The 1700s saw priests exploring India and China. When Kang Hsi and other emperors around the early 1700s wanted to investigate and map out the region beyond the Great Wall, they turned to the priests of the Society of Jesus like Father Ferdinand Verbiest (1623-1688) who mapped out the Russo-Chinese border. The Emperor gave this dedicated priest  – who had taught him math and had also restructured the calendar – permission to fulfill his greatest longing: to travel throughout the empire and propose the Catholic Faith to its peoples.

And all North American Catholics can claim spiritual sonship  to the martyrs Saints Isaac Jogues, Jean de Brébeuf and companions. The Protestant historian, Francis Parkman, wrote of the last hours of  Brébeuf, tortured horrendously by the hands of the Iroquois near Georgian Bay:

“He came of a noble race,- the same, it is said, from which sprang the English Earls of Arundel; but never had the mailed barons of his line confronted a fate so appalling, with so prodigious a constancy. To the last he refused to flinch, and ‘his death was the astonishment of his murderers.’” (FRANCIS PARKMAN, The Jesuits in North America in the Seventeenth Century (Boston, 1910), II, 213-14)
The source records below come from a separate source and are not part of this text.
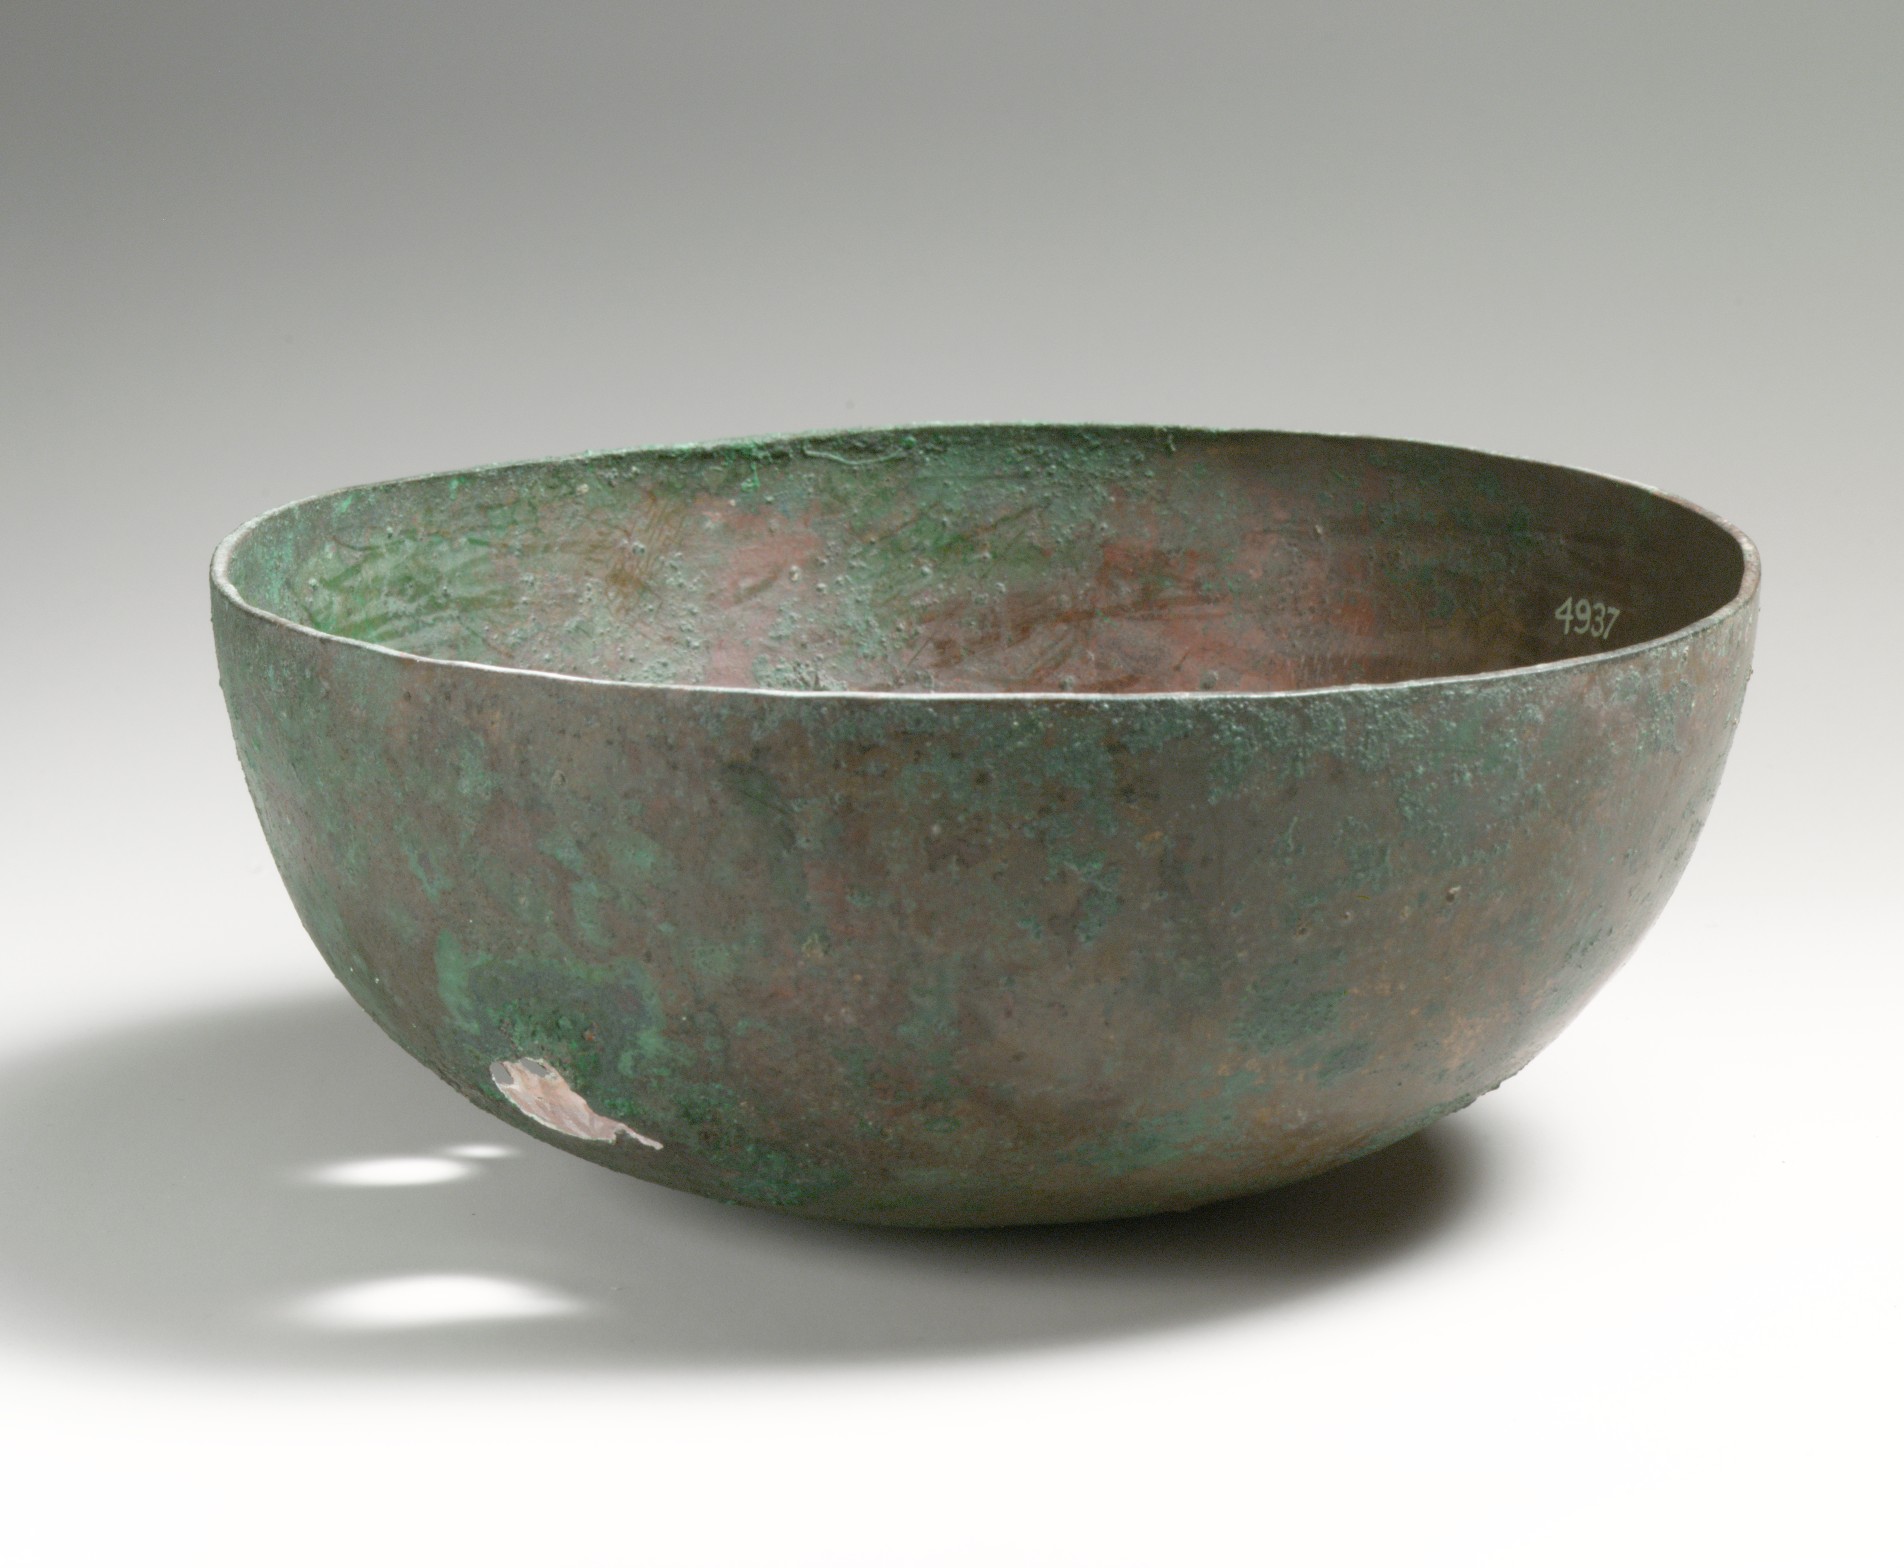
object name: bowl
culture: cypriot
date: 3900 BCE-100 CE
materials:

It was the heroic end of a heroic fifteen years spent offering the “pearl beyond all price” of the Catholic Faith to the native Americans.

In the United States Capitol in Washington DC among the statues of the most eminent sons and daughters of the different states of the U.S.A. you will find more than one Catholic priest. As Pope Leo XIII wrote in “Longinqua”, a letter of 1895 addressed to American Catholics: “The names newly given to so many of your towns and rivers and mountains and lakes teach and clearly witness how deeply your beginnings were marked with the footprints of the Catholic Church”. The Protestant historian, Bancroft, confirmed the statement by asserting ( with a little hyperbole!) that in the exploration of North America, hardly a city  was founded, hardly a river explored or a cape circumnavigated without a Jesuit leading the way! ( Let us not however forget the Franciscans, the Recollects, diocesans and others!).

An examination of the feats of these priests  shows how much they contributed to the formation of the U.S.A. and belies the old myth of  almost exclusive Anglo-Saxon origins to American culture. For instance, in architecture, from Florida to California, Catholic priests gave a style as characteristically American as the colonial design of New England. Their Misiones were the most effective racial-integration establishments of U.S. history; they were the ones who preserved knowledge of the languages and lifestyles of the Indians through their dictionaries, grammars and carefully conserved native handiworks.

The most famous are Fathers Jacques Marquette and Junipero Serra. Other trailblazers include Father Francisco Garces who in 1776 led the first white people to enter Nevada; the same year in Utah saw the Spanish priests Fathers Dominguez and Escalante follow the river flowing through Spanish Fork Canyon which they named Río de Aguas Calientes (“River of Hot Waters”);  Father Gabriel Druillettes ( 1610-1681) the Apostle of Maine;  Father Louis Hennepin (1626-c.1701) who explored the upper Mississippi in 1680 as far north as the location of present-day Minneapolis, brought  Europe’s attention to the Niagara Falls and to the St. Anthony Falls  and while travelling along a 32-mile long strait in the Great Lakes system on the ship Le Griffon pointed to the north shore of what is now Detroit as a suitable place for a settlement.